▸ DESCRIPTION OF THE TASK: I'd like every entry transcribed word for word, with no pictures.

(INPUT)

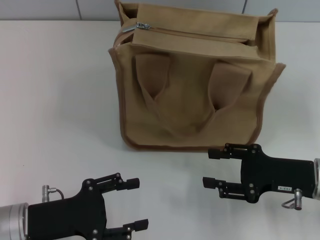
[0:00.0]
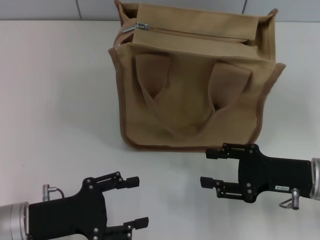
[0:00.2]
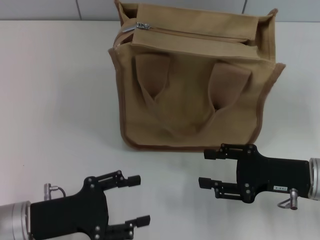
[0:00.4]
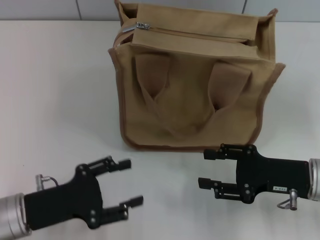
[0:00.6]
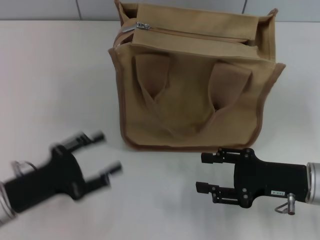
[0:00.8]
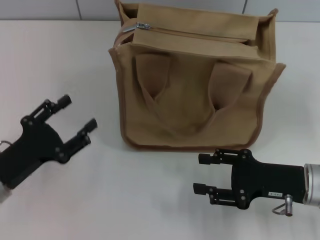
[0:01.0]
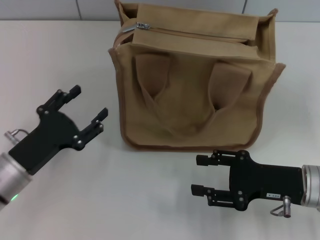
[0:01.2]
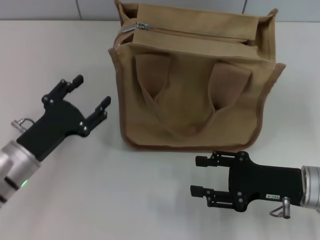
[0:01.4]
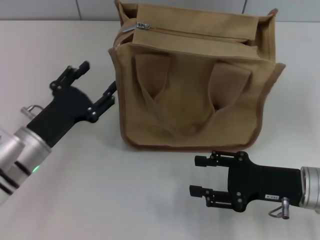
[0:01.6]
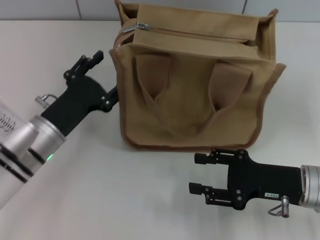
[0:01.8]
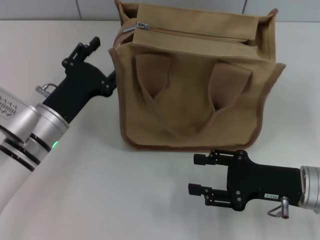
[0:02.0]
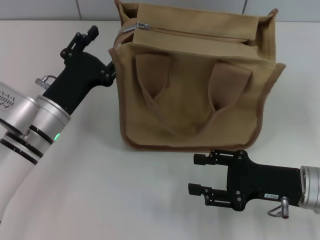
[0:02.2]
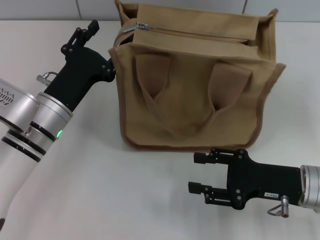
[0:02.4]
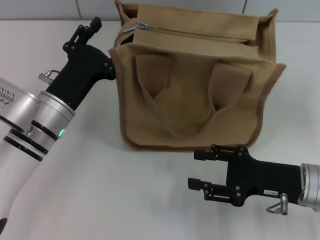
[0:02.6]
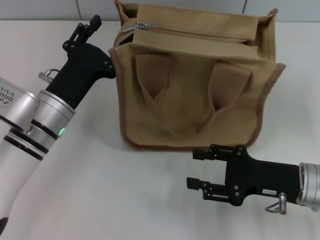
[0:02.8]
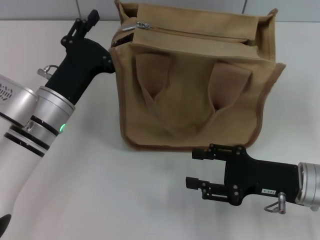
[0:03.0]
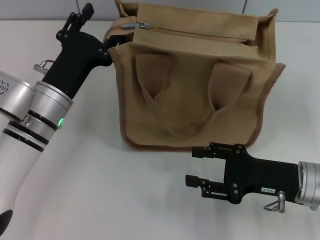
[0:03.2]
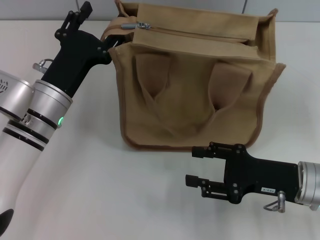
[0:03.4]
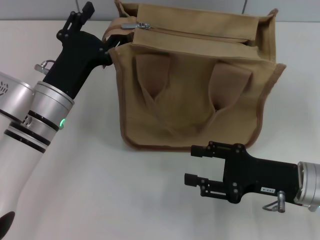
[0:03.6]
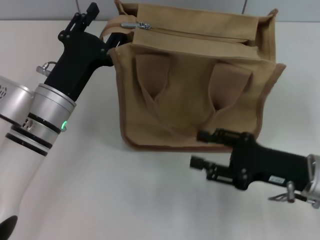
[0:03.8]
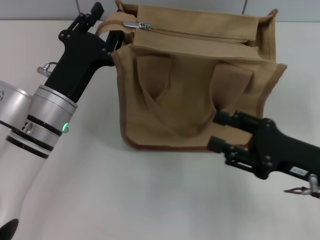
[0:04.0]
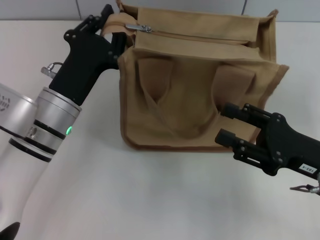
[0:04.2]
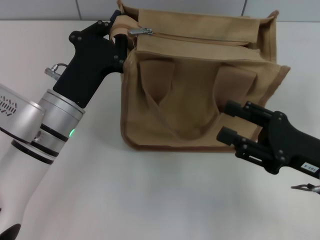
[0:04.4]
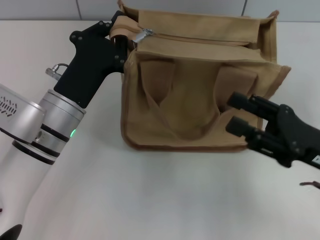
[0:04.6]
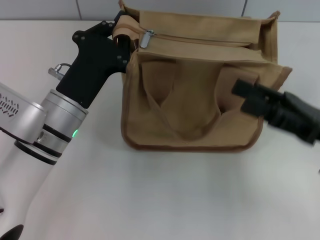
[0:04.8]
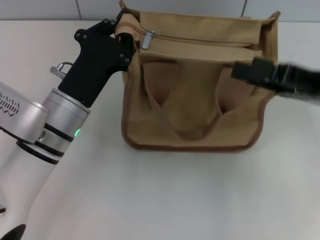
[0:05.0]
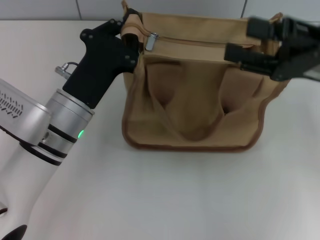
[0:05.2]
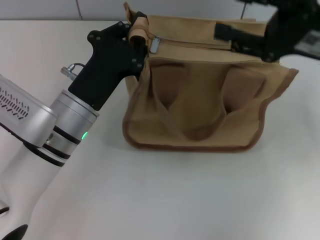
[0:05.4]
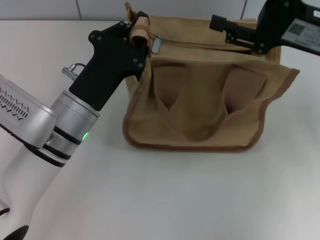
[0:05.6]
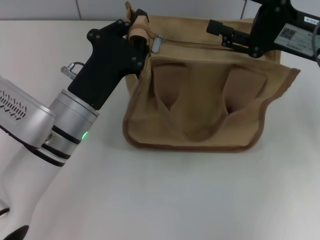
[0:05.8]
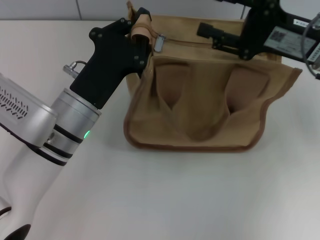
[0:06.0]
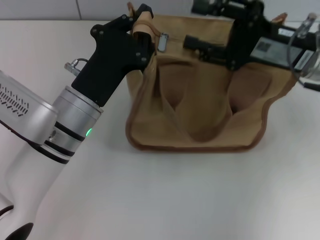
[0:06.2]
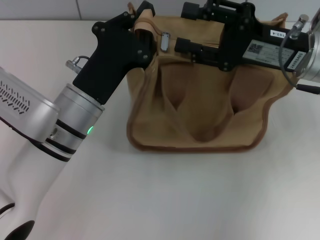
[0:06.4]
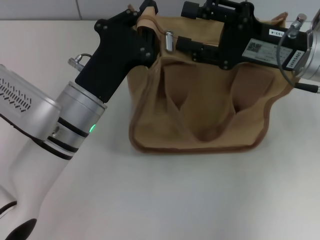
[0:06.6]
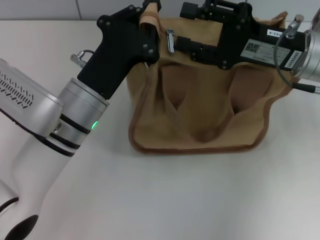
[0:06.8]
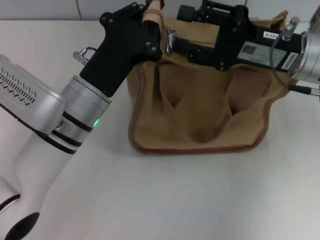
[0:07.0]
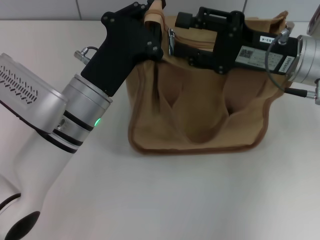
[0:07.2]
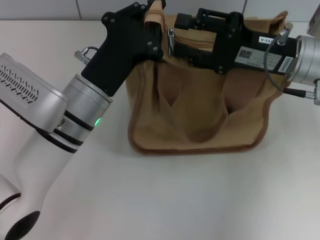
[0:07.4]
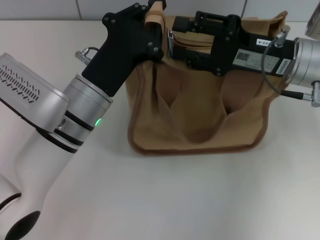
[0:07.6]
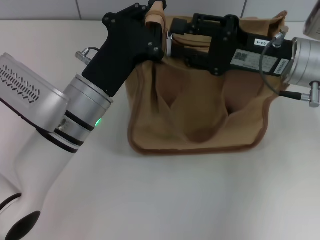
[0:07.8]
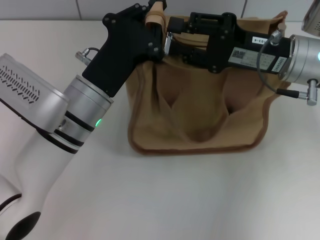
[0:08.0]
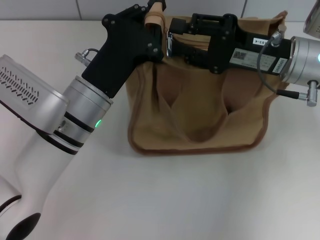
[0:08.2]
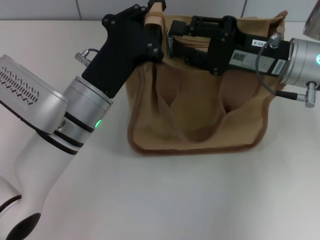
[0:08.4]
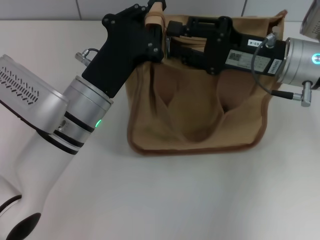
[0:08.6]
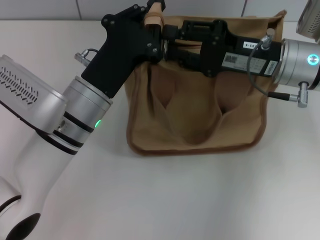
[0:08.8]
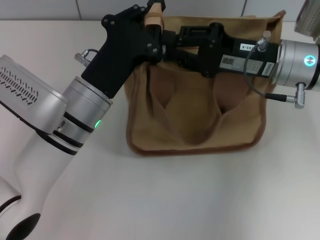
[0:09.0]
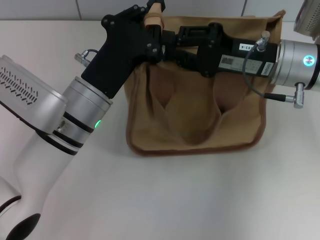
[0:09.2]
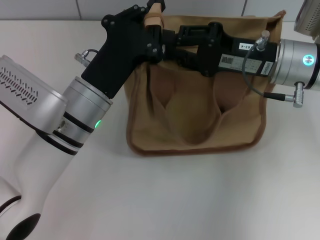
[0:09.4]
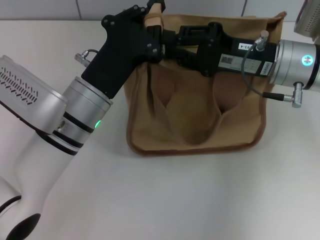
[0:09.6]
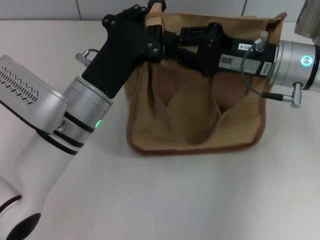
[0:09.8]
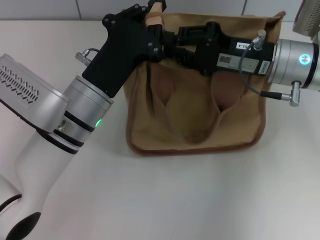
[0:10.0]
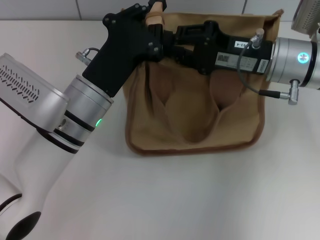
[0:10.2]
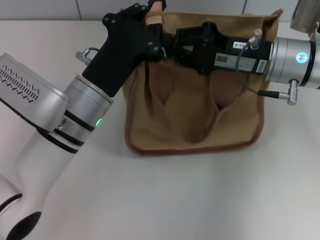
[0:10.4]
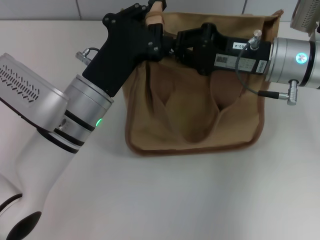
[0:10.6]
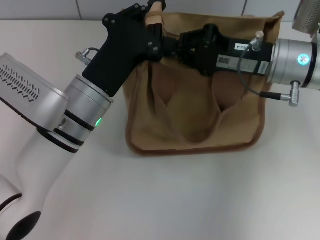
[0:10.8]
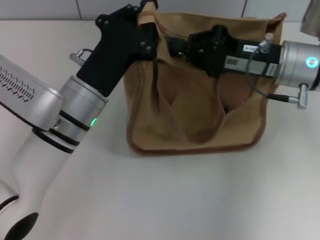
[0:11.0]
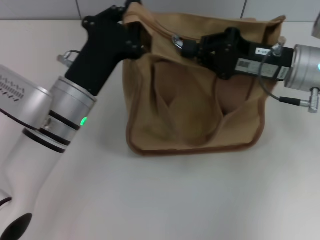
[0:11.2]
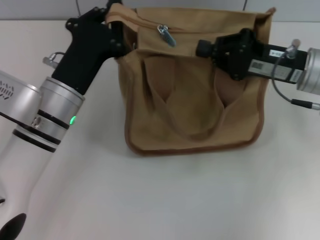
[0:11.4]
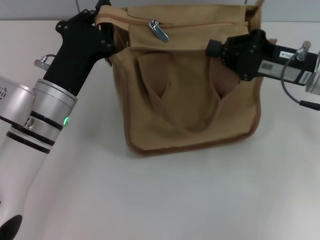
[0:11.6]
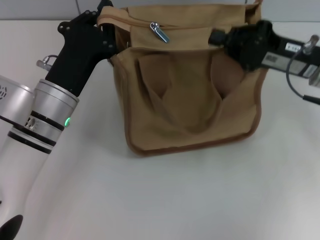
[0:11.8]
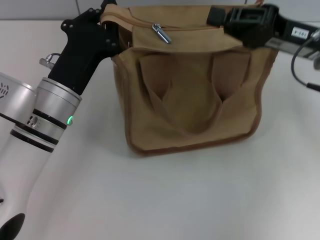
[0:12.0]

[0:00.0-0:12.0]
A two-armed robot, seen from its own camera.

(End INPUT)

▸ OUTPUT:
[0:00.0]
[0:00.2]
[0:00.4]
[0:00.6]
[0:00.8]
[0:01.0]
[0:01.2]
[0:01.4]
[0:01.6]
[0:01.8]
[0:02.0]
[0:02.2]
[0:02.4]
[0:02.6]
[0:02.8]
[0:03.0]
[0:03.2]
[0:03.4]
[0:03.6]
[0:03.8]
[0:04.0]
[0:04.2]
[0:04.4]
[0:04.6]
[0:04.8]
[0:05.0]
[0:05.2]
[0:05.4]
[0:05.6]
[0:05.8]
[0:06.0]
[0:06.2]
[0:06.4]
[0:06.6]
[0:06.8]
[0:07.0]
[0:07.2]
[0:07.4]
[0:07.6]
[0:07.8]
[0:08.0]
[0:08.2]
[0:08.4]
[0:08.6]
[0:08.8]
[0:09.0]
[0:09.2]
[0:09.4]
[0:09.6]
[0:09.8]
[0:10.0]
[0:10.2]
[0:10.4]
[0:10.6]
[0:10.8]
[0:11.0]
[0:11.2]
[0:11.4]
[0:11.6]
[0:11.8]
[0:12.0]

[0:00.0-0:12.0]
A two-armed robot, seen from its own camera.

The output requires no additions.